Rahmetli Muhsin Başkan, 80’den önce Ülkücülerle Devrimcileri masada biraraya getirmek için yaptıklarını ve diyalogun hangi mihraklarca engellendiğini sık sık anlatırdı. Aynı delikten ikinci kez ısırılamayana ‘mümin’ deniyorsa bize ne desinler?! Ergenekon kumpasının da benzer bir diyaloğu baltalamaya taammüden kastını biliyoruz.

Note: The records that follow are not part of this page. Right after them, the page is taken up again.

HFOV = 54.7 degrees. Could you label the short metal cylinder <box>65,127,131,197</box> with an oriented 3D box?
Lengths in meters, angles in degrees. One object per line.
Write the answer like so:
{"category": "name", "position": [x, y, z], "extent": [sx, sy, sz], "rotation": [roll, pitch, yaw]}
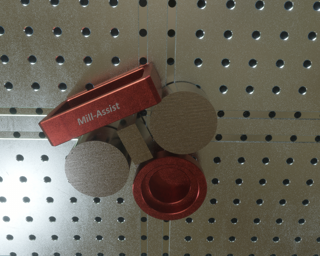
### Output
{"category": "short metal cylinder", "position": [-0.079, 0.044, 0.411], "extent": [0.081, 0.050, 0.079], "rotation": [0, 110, 0]}

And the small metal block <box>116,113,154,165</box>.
{"category": "small metal block", "position": [-0.030, 0.012, 0.399], "extent": [0.025, 0.050, 0.050], "rotation": [-24, 109, 8]}

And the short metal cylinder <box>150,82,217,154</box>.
{"category": "short metal cylinder", "position": [0.028, -0.013, 0.391], "extent": [0.081, 0.050, 0.079], "rotation": [0, 110, 0]}

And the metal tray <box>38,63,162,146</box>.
{"category": "metal tray", "position": [-0.064, -0.030, 0.362], "extent": [0.130, 0.090, 0.030], "rotation": [-22, 109, 8]}

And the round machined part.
{"category": "round machined part", "position": [0.013, 0.075, 0.428], "extent": [0.099, 0.042, 0.097], "rotation": [0, 110, 0]}
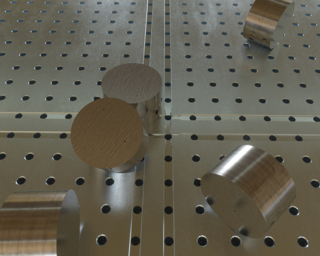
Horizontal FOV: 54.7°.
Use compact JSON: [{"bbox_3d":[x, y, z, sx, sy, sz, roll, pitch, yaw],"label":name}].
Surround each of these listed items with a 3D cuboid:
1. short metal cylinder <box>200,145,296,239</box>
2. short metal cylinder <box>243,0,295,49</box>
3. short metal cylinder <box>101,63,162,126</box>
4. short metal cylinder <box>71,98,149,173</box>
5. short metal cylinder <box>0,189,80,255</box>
[{"bbox_3d":[0.089,0.065,0.319,0.050,0.080,0.080,-36,59,-26],"label":"short metal cylinder"},{"bbox_3d":[0.185,-0.183,0.528,0.050,0.080,0.080,31,57,23],"label":"short metal cylinder"},{"bbox_3d":[-0.037,-0.045,0.429,0.081,0.050,0.080,0,50,0],"label":"short metal cylinder"},{"bbox_3d":[-0.056,0.010,0.362,0.080,0.050,0.080,-1,76,4],"label":"short metal cylinder"},{"bbox_3d":[-0.109,0.098,0.288,0.050,0.080,0.080,-1,50,-1],"label":"short metal cylinder"}]

Ehliyetsizlik ve liyakatsizliği ser-miyar edenlerin artı bir Rektör atamasına verilecek tepkinin ölçüsü ne olmalıydı? Muhtelif çap ve ebatta eylemler için el altında tutulan örgütler gerçekte hangi taraf için devrede oluyorlar?! Bütün film 80 Öncesinde miydi, 40 yıldır film sektörü krizde mi ki?!
Klasik bir protesto eyleminin çift taraflı organizasyonlarca sakız edilerek çiklet patlatma yarışına çevrilmesi “20 lira için cinayet işlendi” haberlerine benzemiyor mu? Kahve ağzıyla söylersek; fasulyeden bir sebepten halkı çift taraflı sokağa dökme körebesi.
Devletlû zevatın sağduyu yerine yangına körükle giden ve Edebali’nin “Bundan sonra öfke bize, uysallık sana; suçlamak bize, katlanmak sana” sözlerinin tam tersine omuz veren söylemleri neyin sinyalizasyonu? Diriliş Ertuğrul yada Kuruluş Osman vaaz u nasihatleri şişede durduğu gibi durmuyor demek ki..
Kerli-ferli adamların sosyal medyayı gladyatör arenası belleyip mafyatik dizilerden çalıntı repliklerle ‘ağır abi’lik pozları devşirmeleri “Cumhuriyetin ilânından sonra ciddiyetin ilânına ihtiyaç var” deyişini akla getiriyor. Lâkin bu ciddiyetsizliğin şakası yok.
İnsanlar kendi zamanlarının bu ezelî - ebedî akış içerisinde içinde biricik olduğunu zannederler; tarih kitapları bu kronik hataların kronolojik takvim yapraklarıyla doludur. Ne dermiş atasözlerimiz: Anasına bak, kızını al & liderine bak, gazını al. Sağ ve solunuzdaki kameralı yazıcılar ağzınızdaki kanal-izasyon ifrazâtını ve elinizdeki benzin bidonunu kaydetmiyor mu sanıyorsunuz?!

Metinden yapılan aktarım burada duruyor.